Tres millones de descendientes de esclavos viven aún en Brasil en remotas aldeas sin ningún servicio
• El aislamiento les permite preservar las tradiciones africanas
VAO DE ALMAS
Al amanecer, Zé de Mariza partió con sus mulas para anunciar la muerte del anciano Justino en Vao de Almas, uno de los miles de quilombos brasileños, pueblos fundados en los siglos XVII y XVIII por esclavos fugitivos en los lugares más aislados del país. Los habitantes de Vao de Almas, a 400 kilómetros al norte de Brasilia, esperan aún que se construya la carretera y que se materialicen las promesas del presidente Luis Inácio Lula da Silva de meterles por fin en el siglo XXI.
«El anciano Justino ha muerto; ¡contadlo a todo el mundo!», gritaba Zé a todo aquel que encontraba en el camino. Necesitará al menos seis horas para llegar a la aldea donde podrá utilizar un teléfono para advertir a los familiares de Justino emigrados a la ciudad.
Como la mayoría de los 3.500 quilombos de Brasil, donde viven en comunidad cerca de tres millones de descendientes de esclavos, las 400 familias instaladas en Vao de Almas pagan caro su aislamiento histórico: no hay carretera, no hay agua, no hay electricidad, no hay teléfono, ni tampoco médico. La única presencia del Estado son escuelas donde los profesores faltan la mayor parte del tiempo.
La más aislada
Vao de Almas es la más aislada de estas «comunidades kalunga» (comunidades negras de exesclavos fugitivos), instalada en un territorio de 2.530 kilómetros cuadrados. Su aislamiento les ha permitido preservar una buena parte de sus tradiciones africana e indígena.

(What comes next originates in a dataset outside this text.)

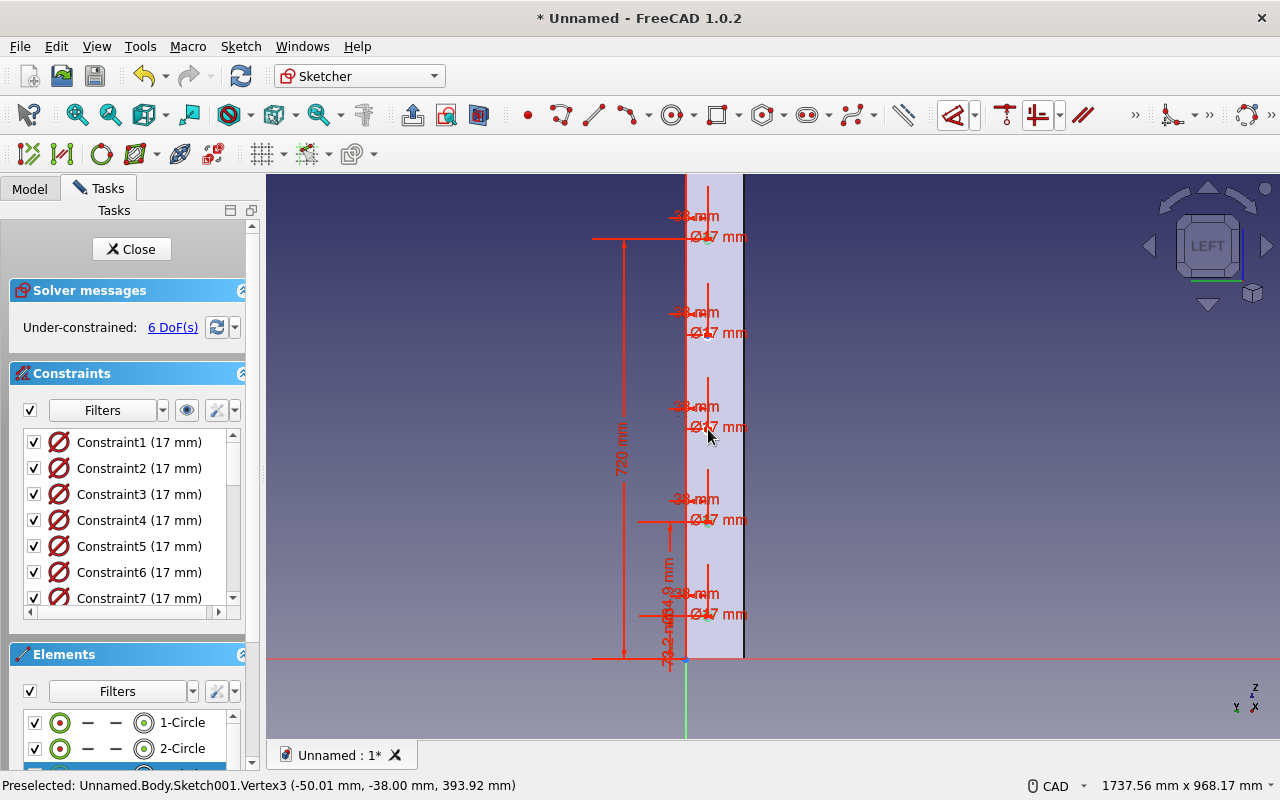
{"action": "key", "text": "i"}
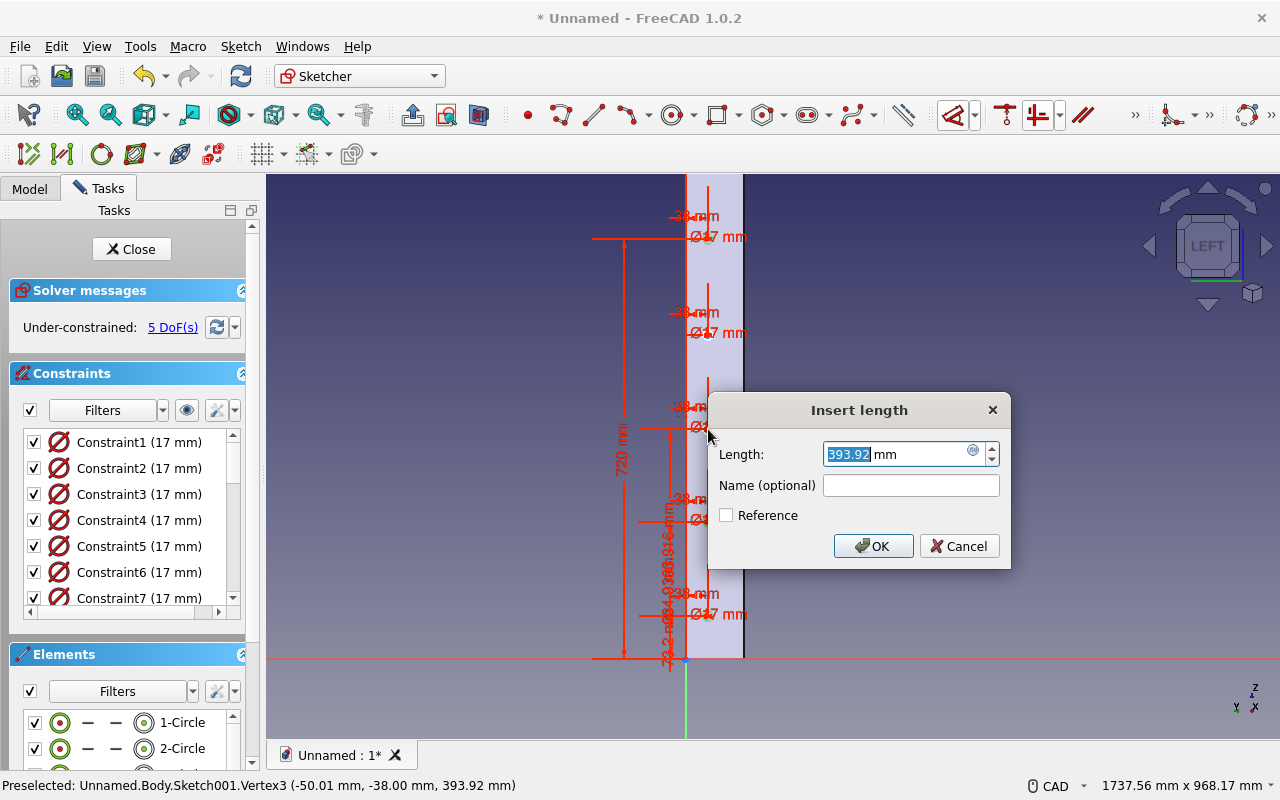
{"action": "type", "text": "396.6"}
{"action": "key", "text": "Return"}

Justino, que iba a cumplir 100 años, estaba siendo velado por toda la comunidad a la luz de las velas. Era el curandero y el que recitaba las oraciones durante las ceremonias, pero ha muerto sin nombrar sucesor. Elva Valera de Conceiçao, una enjuta mujer de 70 años, es la mujer sabia de la aldea. «¿Cómo lo he aprendido? Es un milagro de Dios; mi padre me ha enseñado los rezos», dice junto a jóvenes que trituran la mandioca en grandes morteros, símbolo de la herencia africana.

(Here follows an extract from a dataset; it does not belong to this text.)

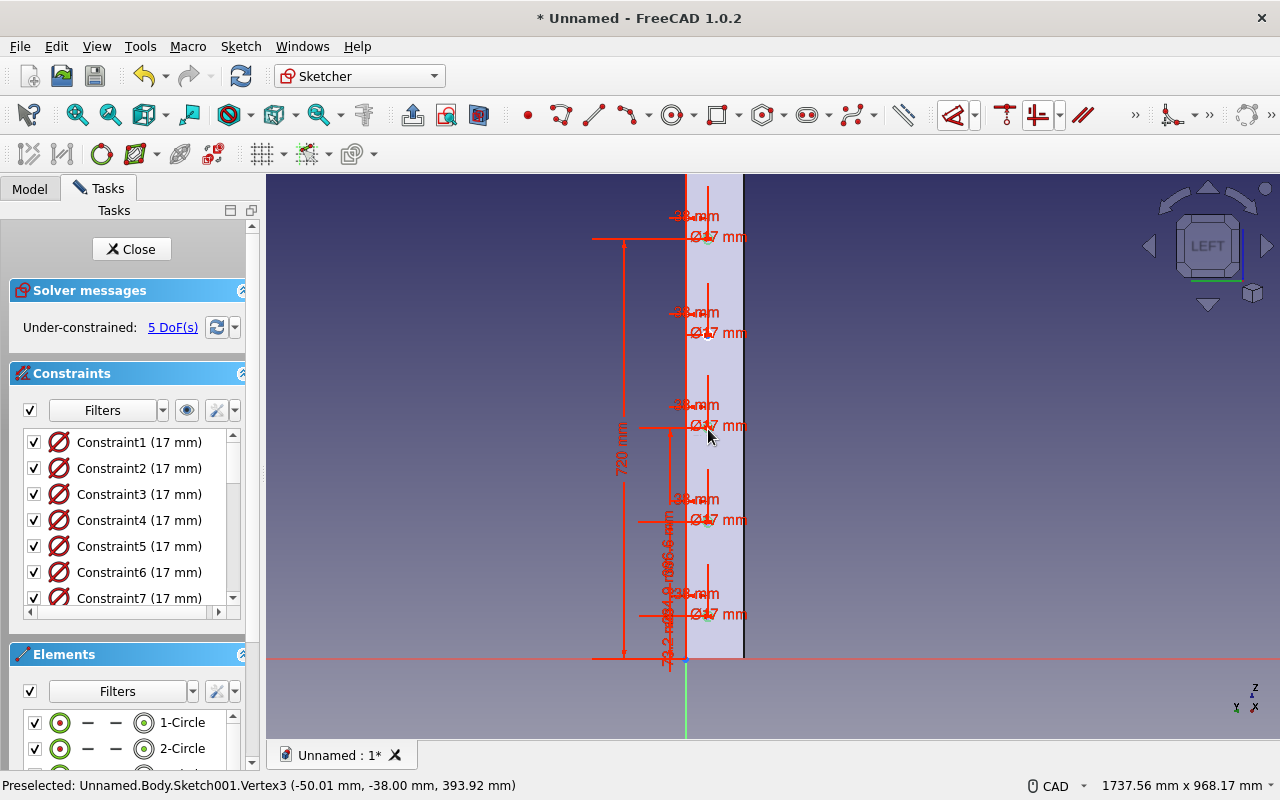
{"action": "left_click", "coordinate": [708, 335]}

Los desplazamientos a través del quilombo kalunga se hacen a lomos de burro o a pie. Todo aquel que quiera viajar hasta la aldea solo disponen de este medio de transporte. Justino se negó a realizar este penoso viaje y murió en la aldea. «Ser kalunga es un sufrimiento», proclama Natalina, al cuidado de ocho niños. Ella recuerda «con horror» el día en que cruzó las montañas a pie con su hijo en la espalda para salvarle de una neumonía.
Casas de adobe
Las casas son de adobe, con el tejado de paja. Se cocina con leña, a menudo sobre el suelo y la única agua disponible es la del río. «El Estado debe una reparación a los kalungas; no queremos ir a la ciudad a morir de hambre; luchamos por tener una carretera y escuelas para los niños», proclama Zé. «La forma en que se trata a los kalungas es repulsiva. El Estado no les da nada. He tenido que construir yo misma una casa de adobe y comprar burros para instalarme», testimonia Sandra Ferreira da Silva.
País líder de las desigualdades sociales, Brasil ha acelerado durante los últimos 20 años la delimitación de las reservas y la reforma agraria. Pero solo fue en el 2003, tras la llegada al poder de Lula, cuando el Estado decidió otorgar a los descendientes de esclavos fugitivos la propiedad colectiva sobre las tierras de sus ancestros bajo el título de «reparación». Esta medida es cuestionada por el Tribunal Supremo y requerirá tiempo.